On 2004 and early 2005 GTOs the fuel line didn't have the metal type tape that is where it may make contact with the fuel rail cover.

Issue: Friction caused the fuel rail cover to chafe the fuel line (drivers side). Eventually a leak occurs and POW fire. Many reports of this.

Fix? If you have the metal tape as I do you are ok. I did however wrap that part of the fuel line in pipe insulation just as an added precaution.

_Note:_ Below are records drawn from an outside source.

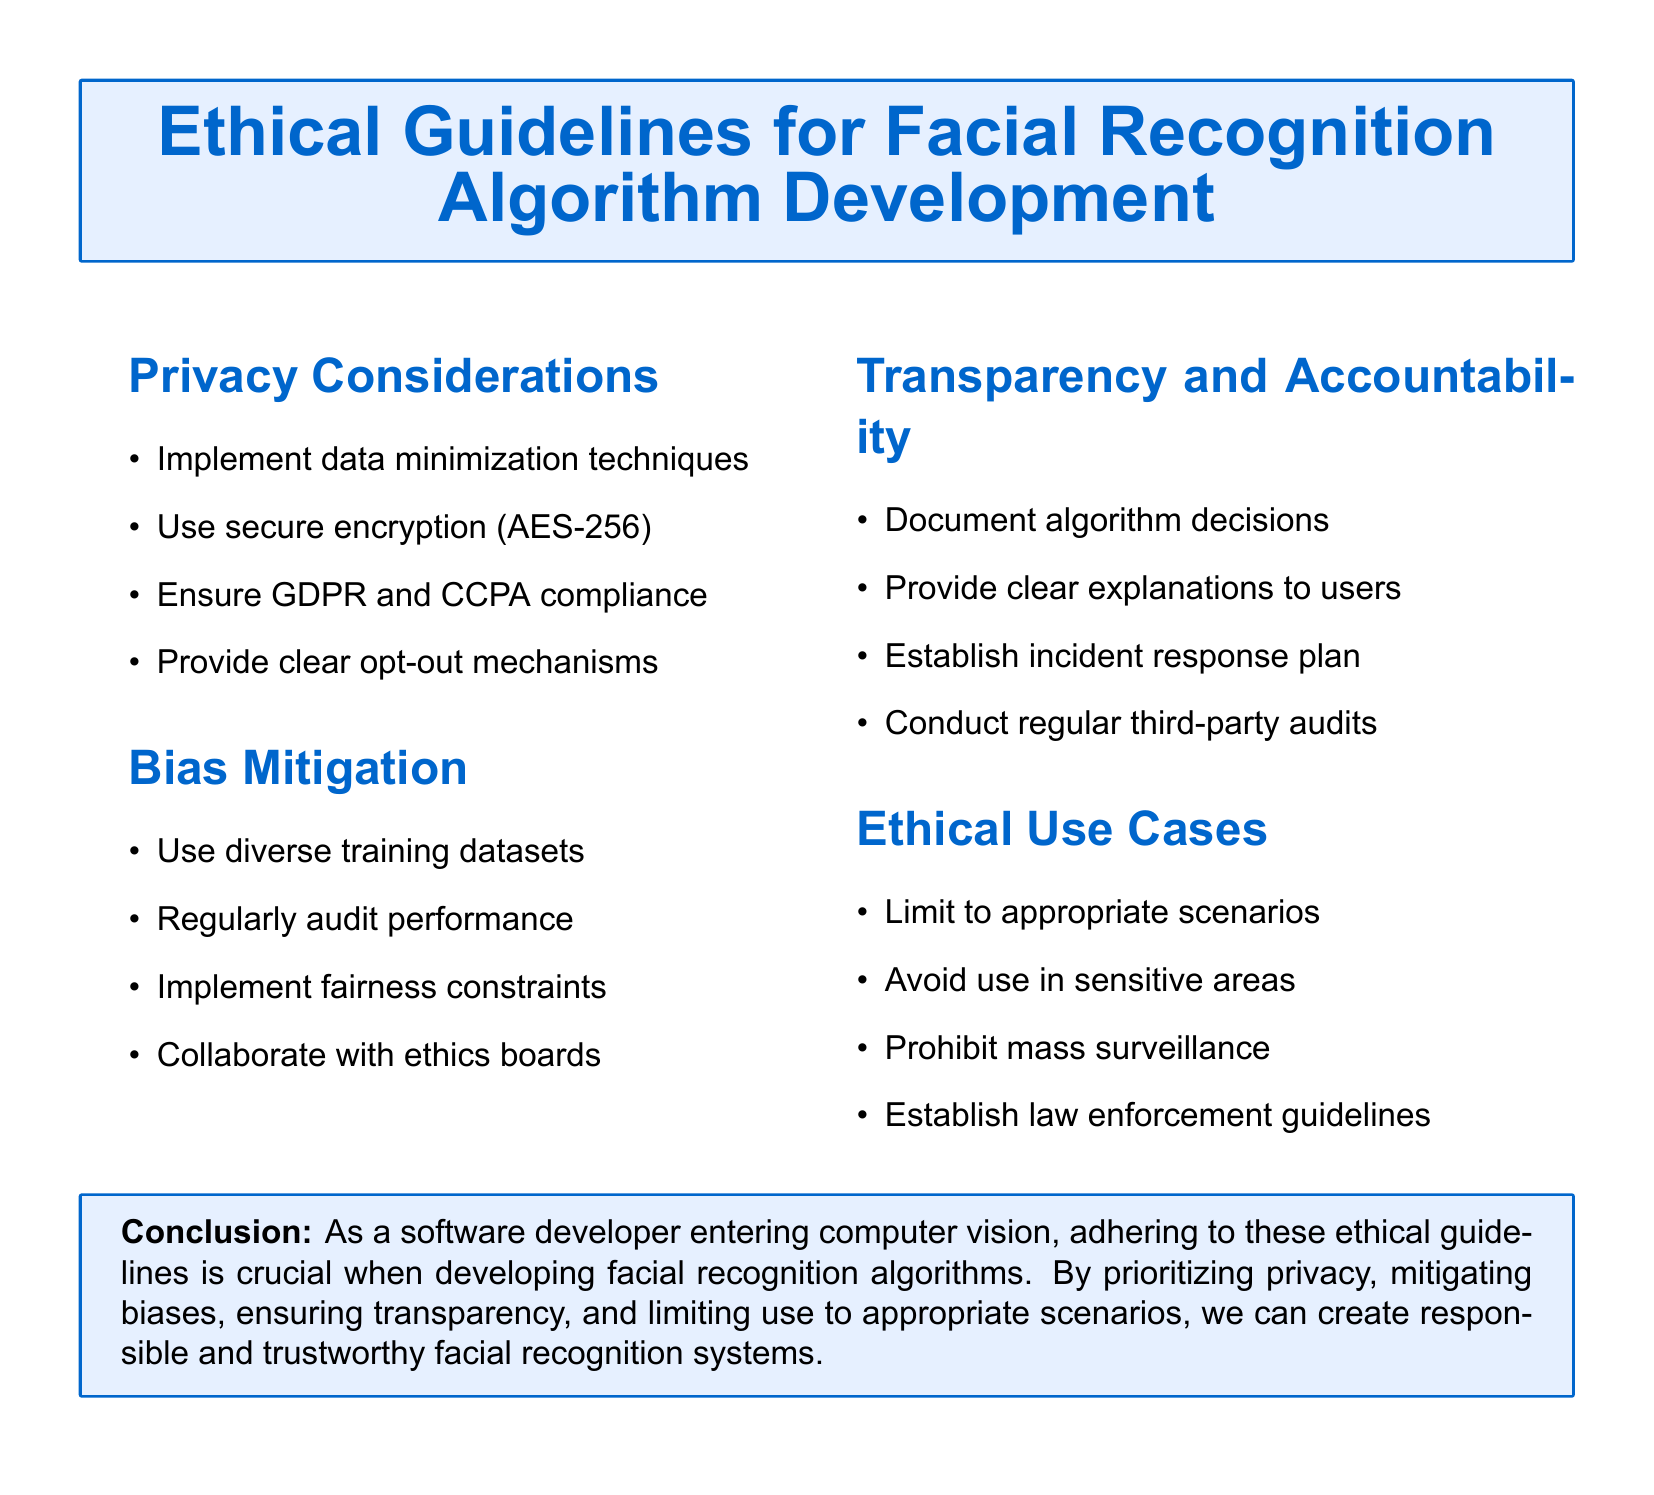What is the encryption standard recommended? The encryption standard recommended in the document for secure data is AES-256.
Answer: AES-256 What does GDPR stand for in the context of privacy considerations? GDPR refers to the General Data Protection Regulation, which is a compliance framework mentioned in the privacy considerations section.
Answer: General Data Protection Regulation Which section discusses the use of diverse training datasets? The use of diverse training datasets is discussed in the Bias Mitigation section of the document.
Answer: Bias Mitigation What should be documented according to the Transparency and Accountability section? The Transparency and Accountability section states that algorithm decisions should be documented.
Answer: Algorithm decisions What is one of the ethical use cases highlighted in the document? One of the ethical use cases highlighted is to limit the use of facial recognition algorithms to appropriate scenarios.
Answer: Appropriate scenarios What is a recommended action to mitigate bias during development? A recommended action to mitigate bias is to regularly audit performance of the algorithms.
Answer: Regularly audit performance What type of guidelines does the document prohibit in relation to ethical use cases? The document prohibits guidelines for mass surveillance in ethical use cases.
Answer: Mass surveillance 
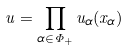<formula> <loc_0><loc_0><loc_500><loc_500>u = \prod _ { \alpha \in \Phi _ { + } } u _ { \alpha } ( x _ { \alpha } )</formula> 
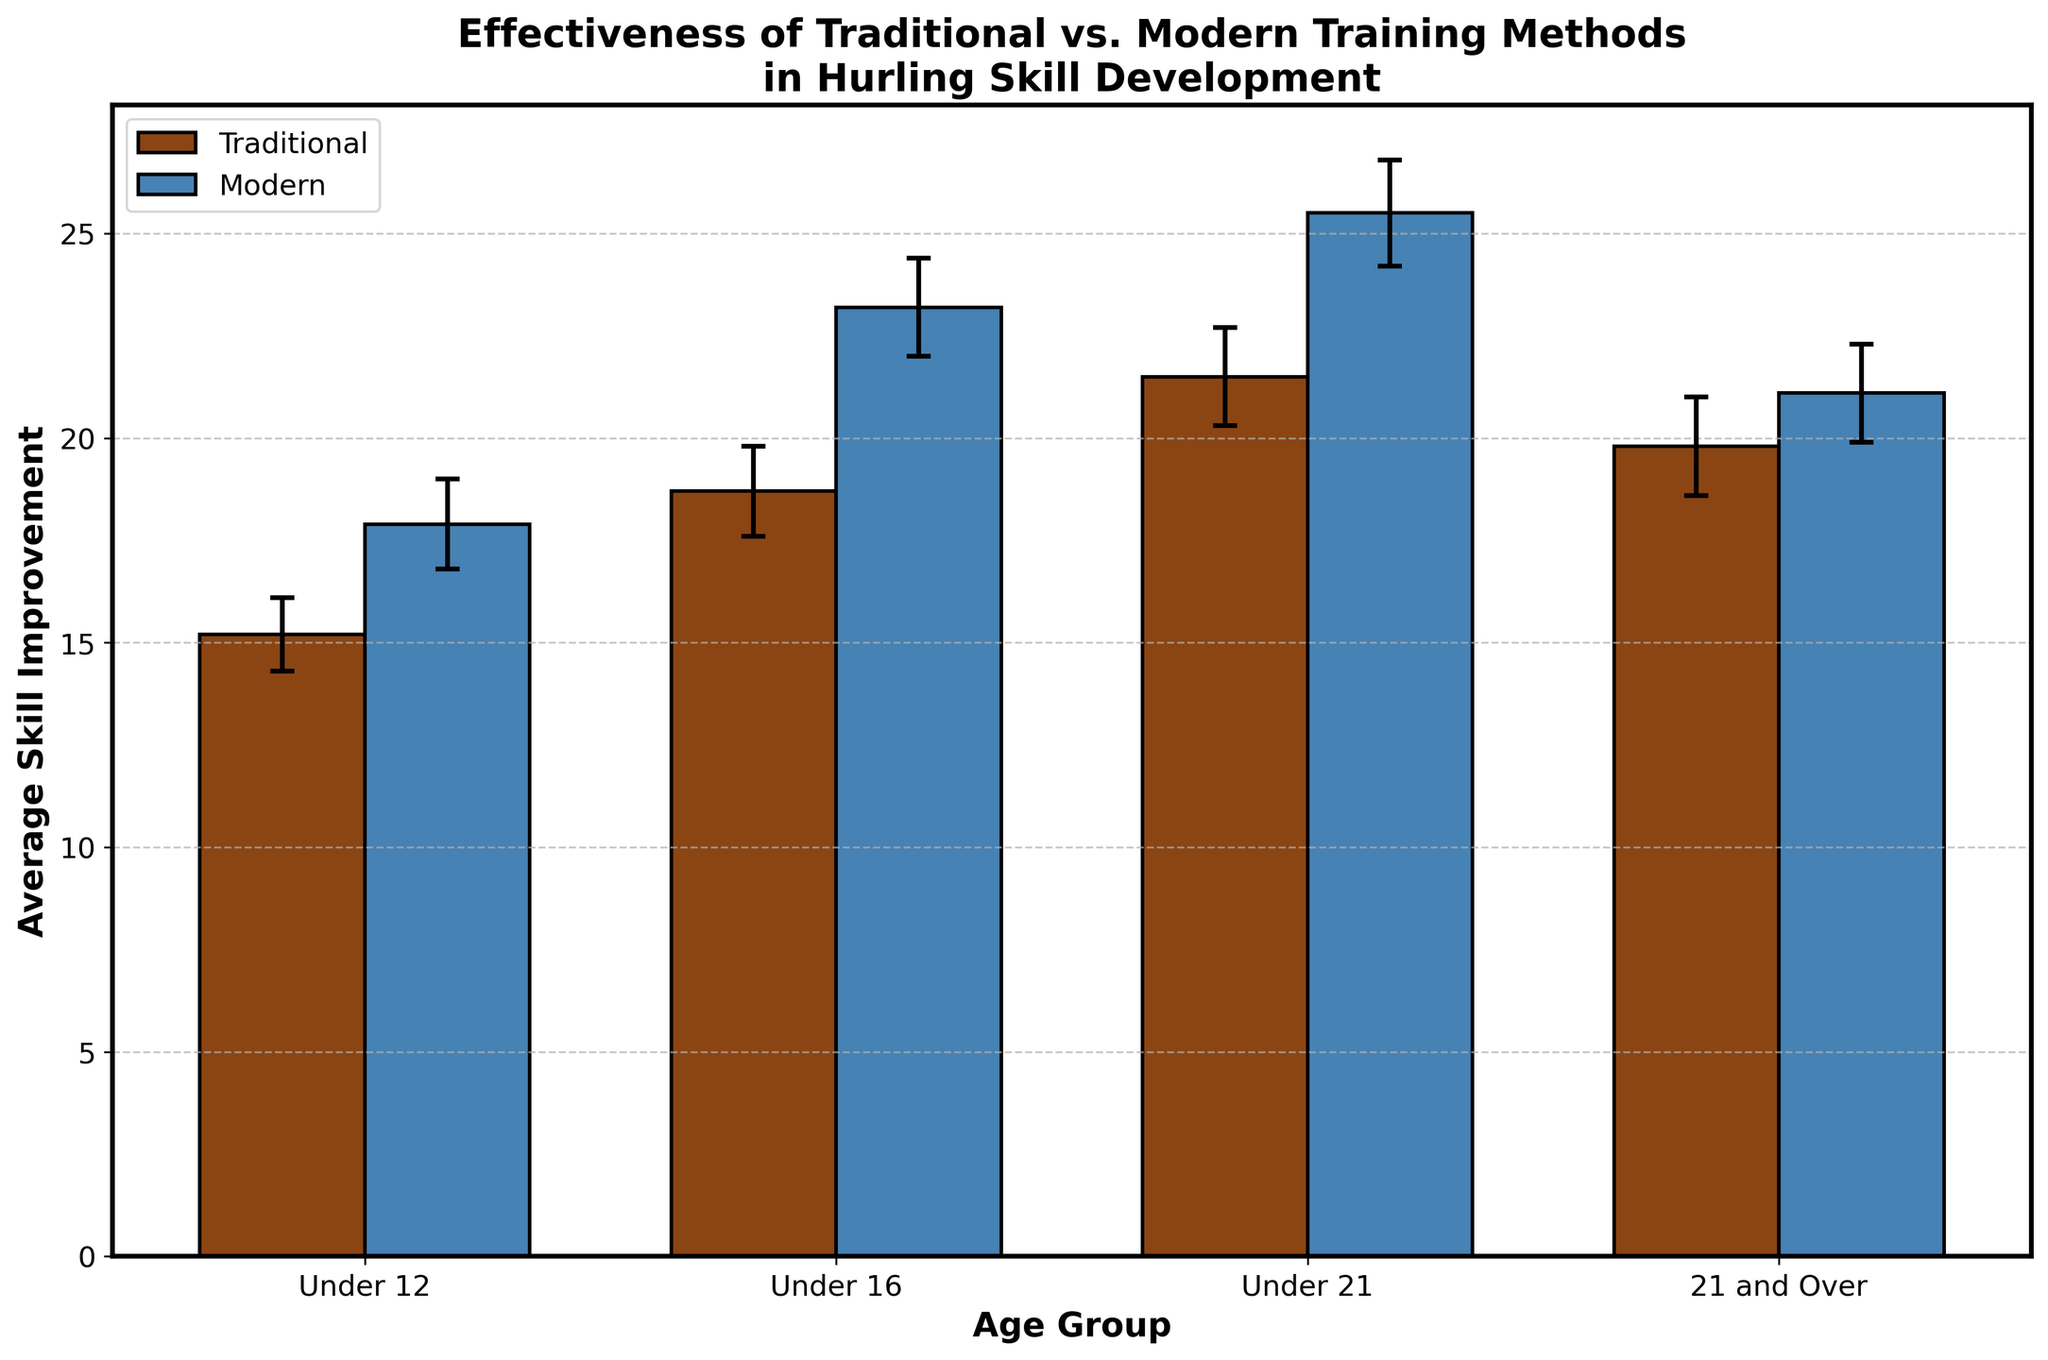What is the title of the figure? The title is usually located at the top of the figure and is often bolded to indicate its importance. Refer to the figure to read the title directly.
Answer: Effectiveness of Traditional vs. Modern Training Methods in Hurling Skill Development Which age group shows the highest average skill improvement for Modern training methods? Look at the bars labeled "Modern" and identify which age group has the tallest bar.
Answer: Under 21 What is the difference in average skill improvement between Traditional and Modern training methods for the Under 16 age group? Identify the height of the bars for both Traditional and Modern methods in the Under 16 category and calculate the difference. Traditional: 18.7, Modern: 23.2. The difference is 23.2 - 18.7.
Answer: 4.5 In which age group do Traditional training methods perform better than Modern training methods? Compare the height of the bars for all age groups and find the one where Traditional method's bar is taller than Modern's.
Answer: None What is the confidence interval range for the Under 21 group's skill improvement using Traditional methods? Locate the error bars for the Under 21 group under Traditional methods and read the lower and upper bounds of the confidence interval.
Answer: 20.3 to 22.7 How many age groups are represented in the plot? Count the number of distinct categories on the x-axis of the plot which represent different age groups.
Answer: 4 Which training method shows a smaller average skill improvement for the 21 and Over age group? Compare the heights of the bars for the "21 and Over" category and identify which one is shorter.
Answer: Traditional What is the total average skill improvement across all age groups for Modern training methods? Sum up the average skill improvement values for all age groups under Modern methods. 17.9 + 23.2 + 25.5 + 21.1
Answer: 87.7 Which training method has a wider confidence interval for the Under 12 age group? Compare the error bars' lengths for both Traditional and Modern methods in the Under 12 category. Traditional: 16.1 - 14.3 = 1.8, Modern: 19.0 - 16.8 = 2.2.
Answer: Modern

Some dremmeled the cut out on the fuel rail ones I saw looked like $hit.


----------



## Gotagoat (Jan 6, 2006)

svede1212 said:


> Short list:
> 
> Look at how old the owner is
> See how fast he gets out of the car
> ...


That's just depressing! It's me.


----------



## Grubest63 (Sep 11, 2011)

Thought that was referring to me but I've got wheels and a K&N filter on mine! Only problems I have encountered were the engine cover/fuel line and the paint chipping off the edges of both door handles.


----------



## SportFlyer (Jun 21, 2012)

svede1212 said:


> Short list:
> 
> Look at how old the owner is
> See how fast he gets out of the car
> ...


Uh Oh, I already know:
She is about 30
We'll see
We'll see
A Corsa cat-back and Eliminator spring and strut kit

Guess this one is doomed! :willy:


----------



## heyman (Jan 15, 2010)

svede1212 said:


> Short list:
> 
> Look at how old the owner is
> See how fast he gets out of the car
> ...


Now theirs some Good advice.


----------